§ YOUR GOAL:
Once the line with "5. plant pot <box>203,0,639,382</box>" is found, write it out along with each later line exactly, through the end of the entries, skipping every picture.
Top of RECORDS PROVIDED
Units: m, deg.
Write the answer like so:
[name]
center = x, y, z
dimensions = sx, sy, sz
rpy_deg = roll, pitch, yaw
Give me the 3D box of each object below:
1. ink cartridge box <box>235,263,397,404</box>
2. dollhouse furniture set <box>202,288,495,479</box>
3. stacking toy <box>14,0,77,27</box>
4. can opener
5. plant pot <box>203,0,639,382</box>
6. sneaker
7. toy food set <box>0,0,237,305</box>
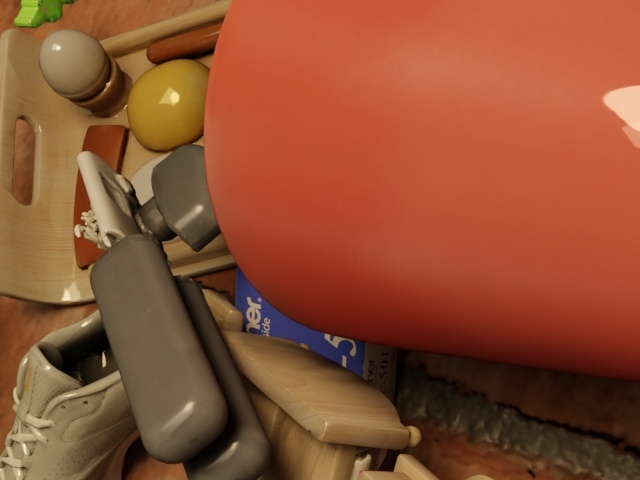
Bottom of RECORDS PROVIDED
§ SOLUTION FOR THIS EXERCISE:
5. plant pot <box>203,0,639,382</box>
6. sneaker
7. toy food set <box>0,0,237,305</box>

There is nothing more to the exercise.